148.7: Nothing to say here.

148.8: Good catch, this could be cleaned up (patch attached).

148.9: The cache context is based on user permissions, yes. But the full name should be user.roles.permissions (there's an issue about this). So then we'd end up with a function like testUserRolesPermissionContext. I'd rather keep it short, self-explanatory and independent of the cache context's internal name. That said, I don't care about this one that much. If people want to change it, that's fine.

148.10: The FileManagedUnitTestBase test could use some refactoring in createFile() to use something like $this->user->id() but other than that, its only vice is hard-coding a user ID. So that test doesn't need to be fixed here but in a separate issue. Using a db_query() in a test is the least of my concern right now. It's readable and easily picked up by a huge find-and-replace ticket when we're closer to 9.0.x. Feel free to fix it if you're really bothered by it, though.

148.11: Yup, completely agree. Some text clean-up will be needed but that's non-functional so can be done in a follow-up.

vaplas’s picture

Thanks for full answer @kristiaanvandeneynde. And sorry for delay with feedback:

147.1:
Yep. But we could:

  1. Сreate a parallel [meta] issue about the implicit use of user1 in the tests.
  2. Then open the issues for each problem test.
  3. After fixing all of them, somehow temp prevent the use user1 in test (example, via create two user in User::create, if the user/1 does not exist, or pre-creating the first user).

We do not need to remove any parts from this patch. Simply, after one of the associated issues is commited, remove part of it from here.
Pros:

  • Quick (i hope) fix problems with the check of permissions, which is now in our core tests.
  • Popularize the "user 1" problem.
  • Increase the synchronization between branches (if for some reason this issue is not comitted to both branches)
  • Simplify the study of the patch, because its size and area of change will decrease with each commit

Cons:

  • We need to expend energy on worries about this.

Of course, if someone from committers to say, that the fuss with the partition is not needed, I'll be glad!)

147.2: ok
147.3: I found only #94 and #95 with 'is-admin' word. I just wanted to draw attention to the fact that the:
before: 1 hash <-> 1 user (with uid 1),
after: 1 hash <-* many users (with admin roles)
But because isAdmin() always means all permissions. And saving the 'special hash' is necessary for BC (maybe, performance ). Ok. Sorry for noise.

148.1: Hah) looks really like this, but i want to point on

- access
+ access and post

This nit fix of comments after changed permissions:

-    $current_user->setAccount($this->createUser([], ['access comments']));
+    $current_user->setAccount($this->createUser([], ['access comments', 'post comments']));

148.2-11: Thank you for the explanations. Ok for me.

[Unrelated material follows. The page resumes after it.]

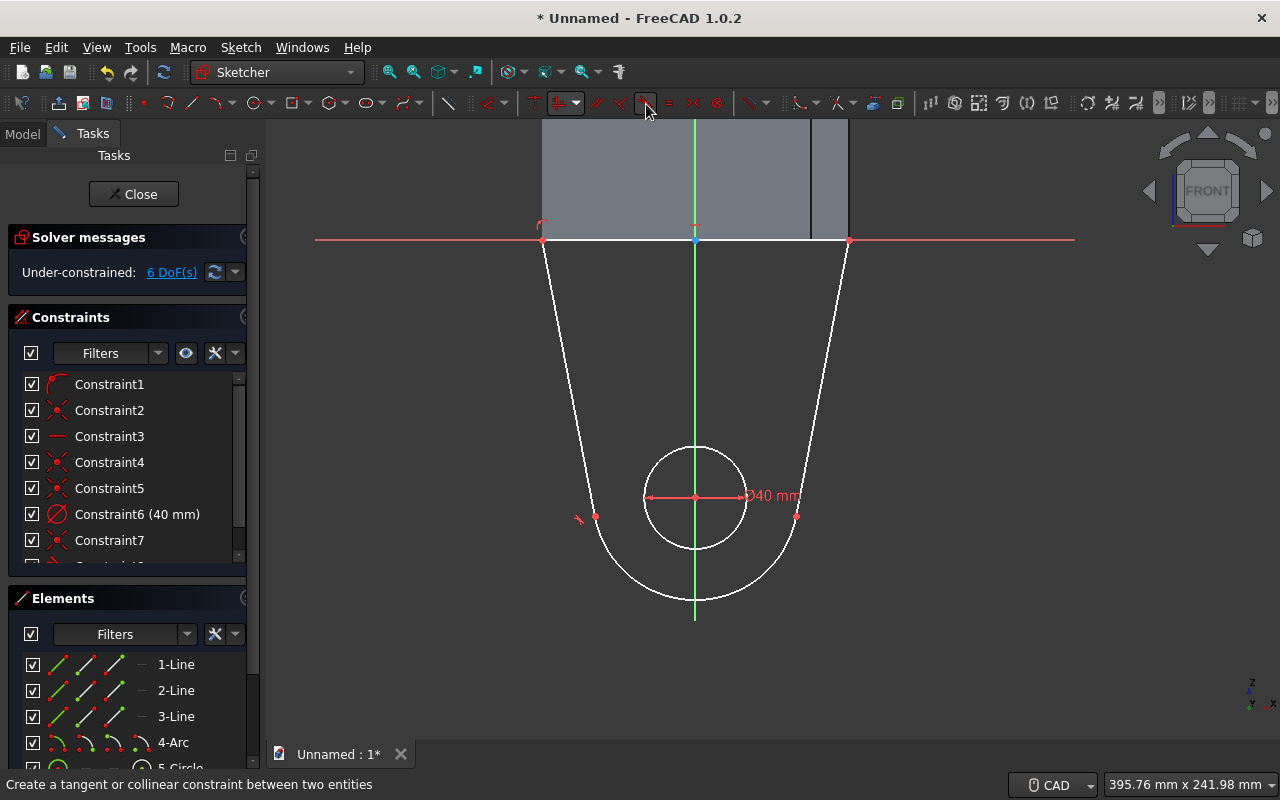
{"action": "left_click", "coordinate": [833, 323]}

Added few additional issues about 'user 1' problem. TL;DR for me: without the user1 is better :)

vaplas’s picture

One more question. Now we can not delete the 'administrator' role, because

+++ b/core/modules/user/src/RoleAccessControlHandler.php
@@ -20,7 +20,12 @@ class RoleAccessControlHandler extends EntityAccessControlHandler {
       case 'delete':
...
+        $internal_roles = [
+          RoleInterface::ANONYMOUS_ID,
+          RoleInterface::AUTHENTICATED_ID,
+          RoleInterface::ADMINISTRATOR_ID,
+        ];
+        if (in_array($entity->id(), $internal_roles)) {

But we can change is-admin flag for this role:

class Role extends ConfigEntityBase implements RoleInterface {
...
  public function setIsAdmin($is_admin) {
    $this->is_admin = $is_admin;
    return $this;
  }

There may be a potential problem, when on site this role is turned into non-admin (it is not deleted, because it's impossible) and in some place of code will be use ADMINISTRATOR_ID (instead of isAdmin()).

It may be worthwhile to prevent the delete by isAdmin(), or prevent set is_admin flag to FALSE for ADMINISTRATOR_ID?

kristiaanvandeneynde’s picture

Re 153 re 147.1: I really don't see the benefit and think it will only add more red tape, preventing this issue from getting committed before 8.5.x so I'm sorry but I'm not going to be spending any time on that idea.

Re #154: Good catch, I'll attach a patch that does exactly this and removes the part of the UI that allows you to choose your administrator role at admin/config/people/accounts because that UI no longer makes sense.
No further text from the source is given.